Cheongju District Court-2016-Gu Partnership-1075 ( April 13, 2017)

Title

Whether reduction or exemption of capital gains tax on substitute land for farmland is appropriate;

Summary

(See the judgment of the court of first instance) The question is whether the work performed by the plaintiff with his own labor is more than 1/2 of the farming work, and the plaintiff's assertion is without merit.

Related statutes

Article 70 of the former Restriction of Special Taxation Act

Article 67 of the Enforcement Decree of the Restriction of Special Taxation Act

Cases

2017Nu2951 Revocation of Disposition of Imposing capital gains tax

Plaintiff and appellant

00

Defendant, Appellant

00. Head of tax office

Judgment of the first instance court

Cheongju District Court 2016Guhap1075 ( April 13, 2017)

Conclusion of Pleadings

July 19, 2017

Imposition of Judgment

August 30, 2017

Text

1. The plaintiff's appeal is dismissed.

2. The costs of appeal shall be borne by the Plaintiff.

Purport of claim and appeal

The judgment of the first instance is revoked. The capital gains tax of KRW 143,860,000,000 that the Defendant rendered to the Plaintiff on April 1, 2016.

The imposition disposition shall be revoked.

Reasons

1. Quotation of judgment of the first instance;

The court's explanation on the instant case is in accordance with section 15 to 20 of the judgment of the court of first instance.

The reasoning of the judgment of the court of first instance is the same as that stated in the reasoning of the judgment of the court of first instance, except that the phrase “A. I.A. must be seen as . I.D.” is cited in accordance with Article 8(2) of the Administrative Litigation Act and Article 420 of the Civil Procedure

It cannot be deemed that the meaning of “her own labor force” includes the case in which another person is employed on his/her own responsibility and calculation, and the meaning thereof is interpreted as grammaticly and thereby satisfying the requirements for self-reliance only when one-half or more of the agricultural works must be in charge of himself/herself or hand over (see, e.g., Supreme Court Decision 2010Du8423, Sept. 30, 2010). Furthermore, the burden of proof for this is a taxpayer who asserts reduction or exemption of capital gains tax on substitute land, namely, the Plaintiff (see, e.g., Supreme Court Decision 92Nu1893, Jul. 13, 1993).
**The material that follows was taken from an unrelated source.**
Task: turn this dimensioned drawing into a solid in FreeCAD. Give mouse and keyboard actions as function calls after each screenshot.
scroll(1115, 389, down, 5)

On the other hand, the legislative intent of the former Restriction of Special Taxation Act, which provides for capital gains tax reduction or exemption for self-Cultivating farmland, is to reduce tax burdens so that a person engaged in agriculture can engage in long-term agriculture by preventing speculation on non-permanent farmland and guaranteeing that a person engaged in agriculture can freely substitute farmland.

It is intended to protect farmers and promote agriculture and rural communities. Accordingly, farmland owners are trying to protect farmers and promote agricultural and rural communities.
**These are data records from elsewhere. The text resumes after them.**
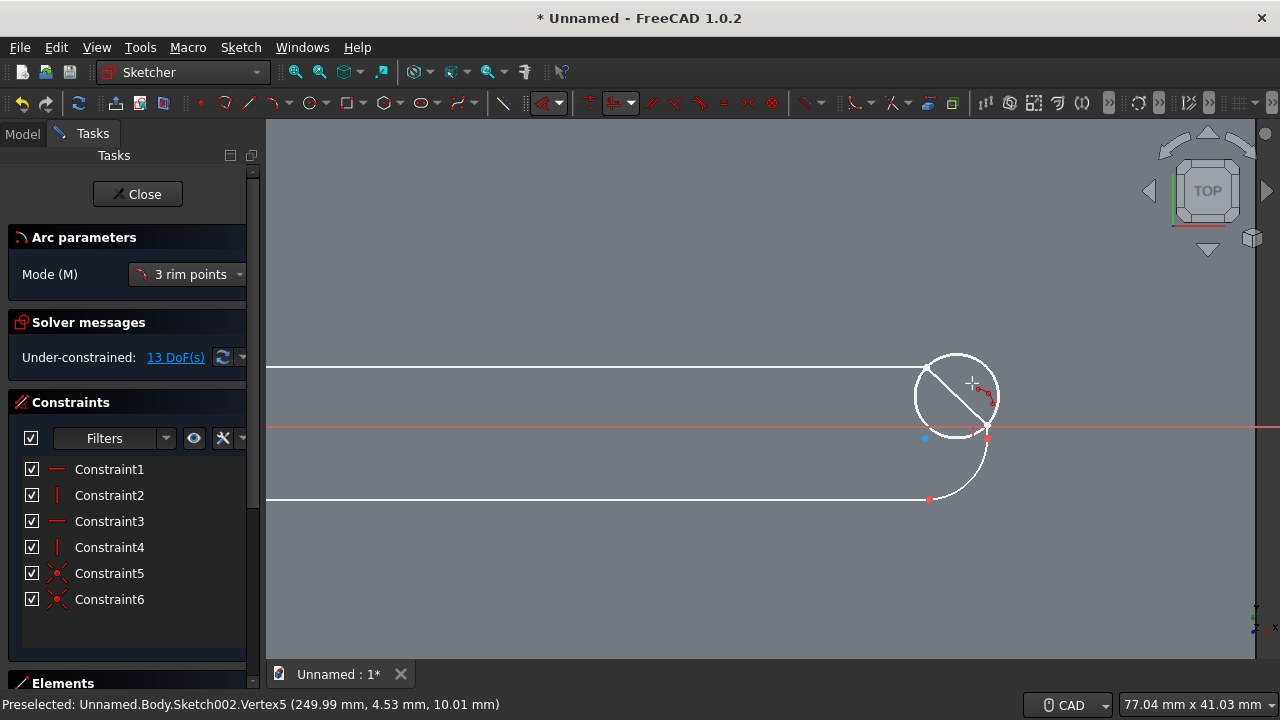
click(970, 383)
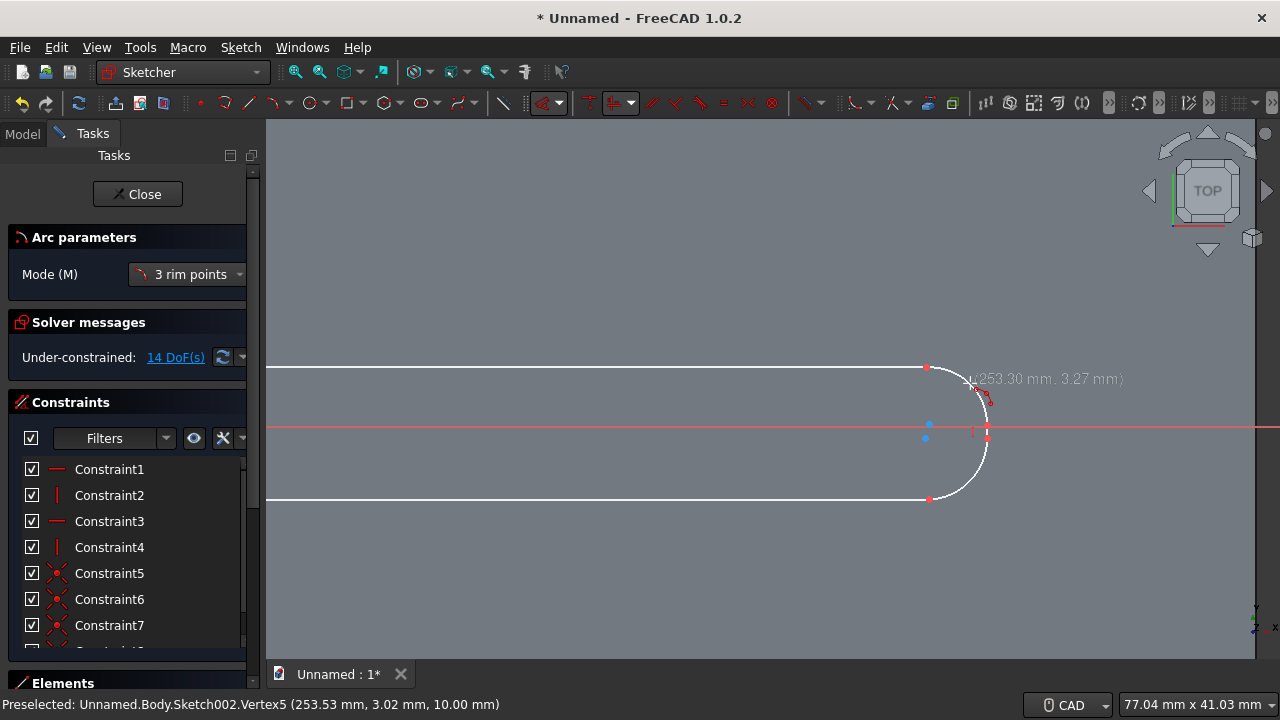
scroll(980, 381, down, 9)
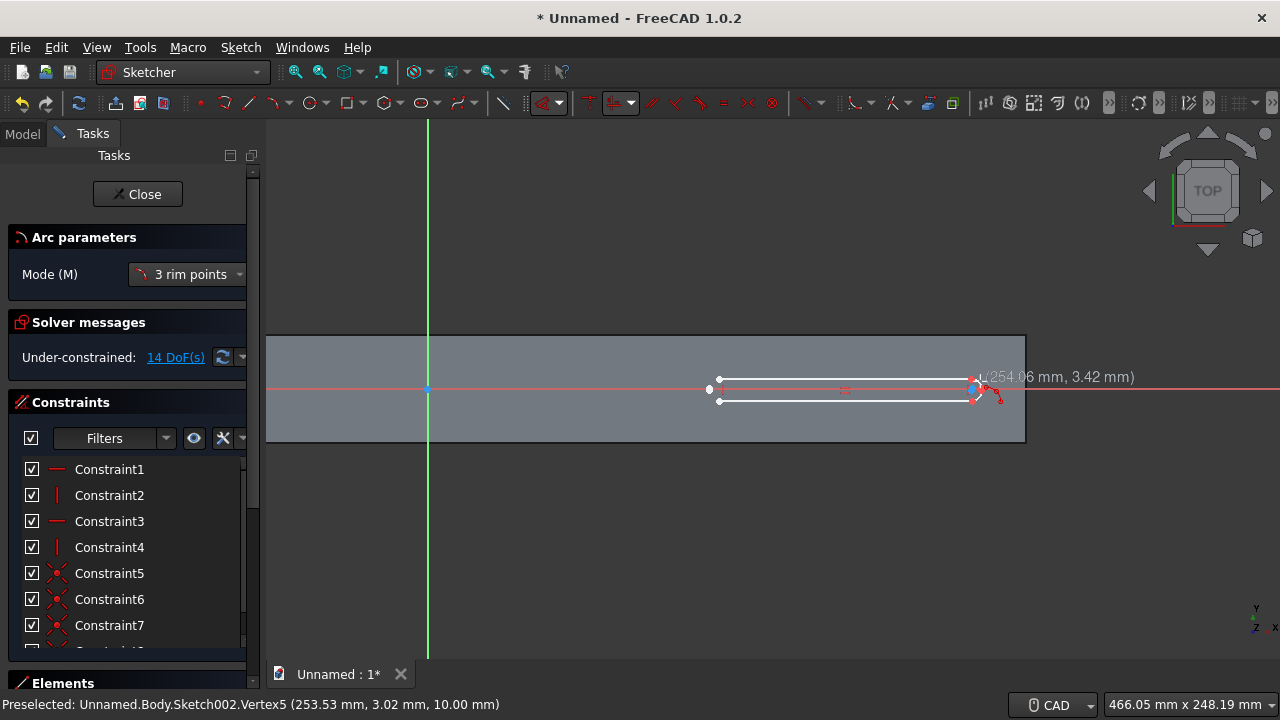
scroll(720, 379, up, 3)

primarily engaged in the other occupation in a state of employment other than agriculture, and primarily engaged in the other occupation;

Cases where farmland is cultivated intermittently by cultivating human labor, etc.

" shall be deemed excluded from capital gains tax reduction or exemption."

2. Conclusion

Therefore, the judgment of the court of first instance is legitimate, and the plaintiff's appeal is dismissed. It is so decided as per Disposition.